UNLOCKED - the open platform, incorporates inclusivity to address extreme poverty, climate change and inequality, said Consultant-Communications and Community Engagement to the Office of the Resident Coordinator of UN Sri Lanka, Ishtartha Wellaboda addressing the Unlocked Policy Development Forum on Climate Change and Urban Resilience last week .

Experts will initiate the discussions following which the people can take part through the online platform in Sinhala, Tamil and English. “This is not purely an online platform, since certain segments of communities will be missed out that way. Once the content is developed, these will be taken to village level via workshops, panel discussions and other such activities,” he said.

Once a discussion has run its course, the key contributions will feed into policy briefs that innovatively address developmental challenges, which will be presented to the Government, stated a UN media release.

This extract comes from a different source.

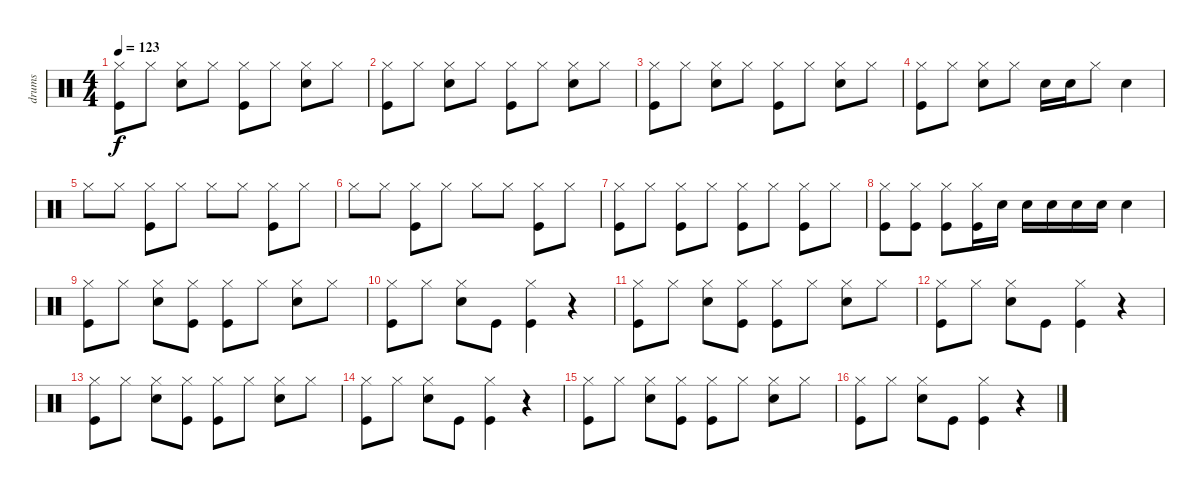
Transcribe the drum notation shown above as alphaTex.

UN Resident Coordinator in Sri Lanka, Hanaa Singer said that the platform serves to capture the passionate and knowledgeable opinions of the public about the issues that matter to them.

“How many of these have an impact on policy making, how many are captured? The public’s ideas can now aid Sri Lanka’s efforts in realising the global norms.”

Singer further said that the platform facilitates a citizen centric approach to Sri Lanka’s policy making process by acting as a space for diverse stakeholders to participate on constructive, evidence-based discussion on development challenges.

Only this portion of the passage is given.